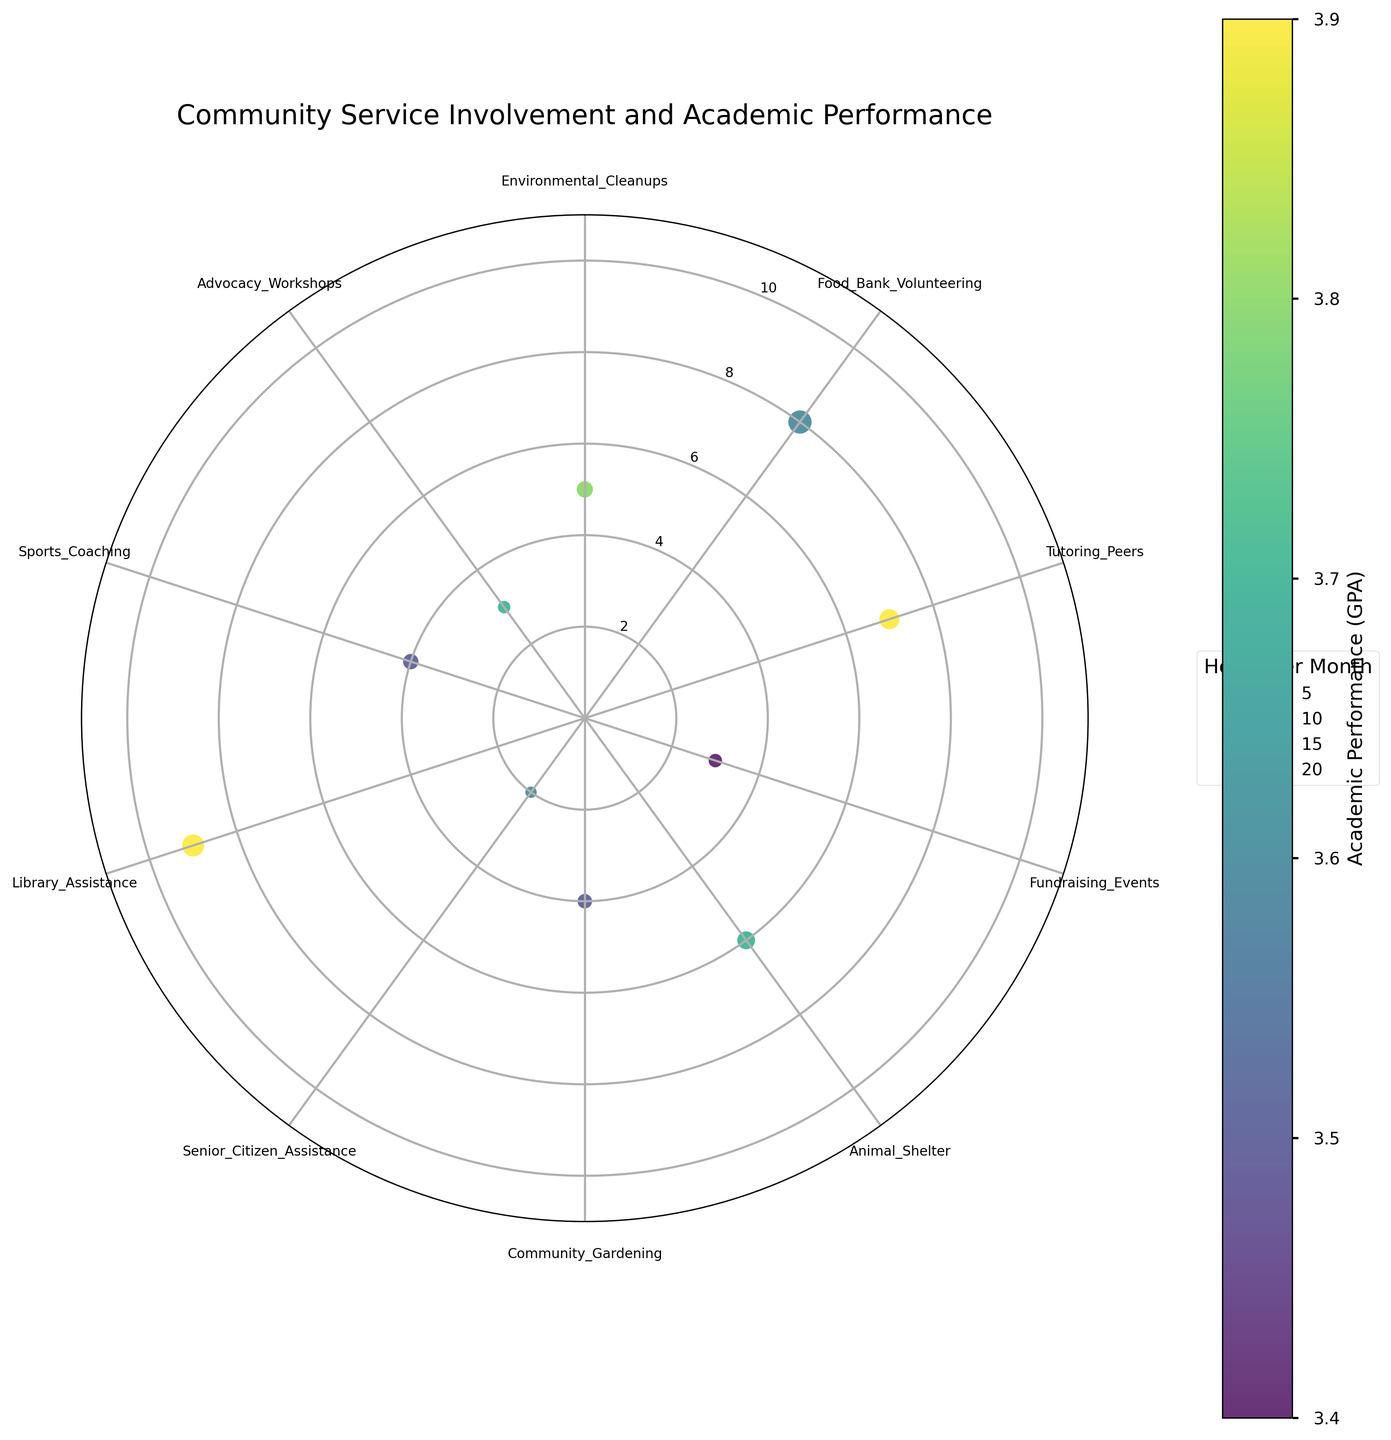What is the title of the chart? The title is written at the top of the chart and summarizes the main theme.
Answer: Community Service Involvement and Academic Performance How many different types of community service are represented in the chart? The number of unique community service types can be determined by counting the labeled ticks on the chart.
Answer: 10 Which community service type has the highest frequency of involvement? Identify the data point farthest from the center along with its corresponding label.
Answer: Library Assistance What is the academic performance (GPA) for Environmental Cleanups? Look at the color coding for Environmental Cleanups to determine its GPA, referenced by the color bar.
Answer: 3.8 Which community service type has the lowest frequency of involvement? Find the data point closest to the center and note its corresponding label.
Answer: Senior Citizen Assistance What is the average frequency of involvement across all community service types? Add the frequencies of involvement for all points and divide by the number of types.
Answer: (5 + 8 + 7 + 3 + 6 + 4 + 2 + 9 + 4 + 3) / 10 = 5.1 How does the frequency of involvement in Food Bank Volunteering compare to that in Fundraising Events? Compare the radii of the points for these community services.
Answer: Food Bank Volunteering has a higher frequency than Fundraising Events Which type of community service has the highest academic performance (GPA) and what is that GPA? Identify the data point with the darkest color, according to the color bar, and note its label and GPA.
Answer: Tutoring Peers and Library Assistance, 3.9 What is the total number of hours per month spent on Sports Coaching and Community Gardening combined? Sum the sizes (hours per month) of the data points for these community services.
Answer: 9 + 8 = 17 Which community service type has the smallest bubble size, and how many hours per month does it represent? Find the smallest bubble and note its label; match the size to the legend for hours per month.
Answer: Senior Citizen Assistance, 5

→ **Directions**: Give every line above again exactly, with no pictures.

→ **Written answer**:
What is the title of the chart? The title is written at the top of the chart and summarizes the main theme.
Answer: Community Service Involvement and Academic Performance How many different types of community service are represented in the chart? The number of unique community service types can be determined by counting the labeled ticks on the chart.
Answer: 10 Which community service type has the highest frequency of involvement? Identify the data point farthest from the center along with its corresponding label.
Answer: Library Assistance What is the academic performance (GPA) for Environmental Cleanups? Look at the color coding for Environmental Cleanups to determine its GPA, referenced by the color bar.
Answer: 3.8 Which community service type has the lowest frequency of involvement? Find the data point closest to the center and note its corresponding label.
Answer: Senior Citizen Assistance What is the average frequency of involvement across all community service types? Add the frequencies of involvement for all points and divide by the number of types.
Answer: (5 + 8 + 7 + 3 + 6 + 4 + 2 + 9 + 4 + 3) / 10 = 5.1 How does the frequency of involvement in Food Bank Volunteering compare to that in Fundraising Events? Compare the radii of the points for these community services.
Answer: Food Bank Volunteering has a higher frequency than Fundraising Events Which type of community service has the highest academic performance (GPA) and what is that GPA? Identify the data point with the darkest color, according to the color bar, and note its label and GPA.
Answer: Tutoring Peers and Library Assistance, 3.9 What is the total number of hours per month spent on Sports Coaching and Community Gardening combined? Sum the sizes (hours per month) of the data points for these community services.
Answer: 9 + 8 = 17 Which community service type has the smallest bubble size, and how many hours per month does it represent? Find the smallest bubble and note its label; match the size to the legend for hours per month.
Answer: Senior Citizen Assistance, 5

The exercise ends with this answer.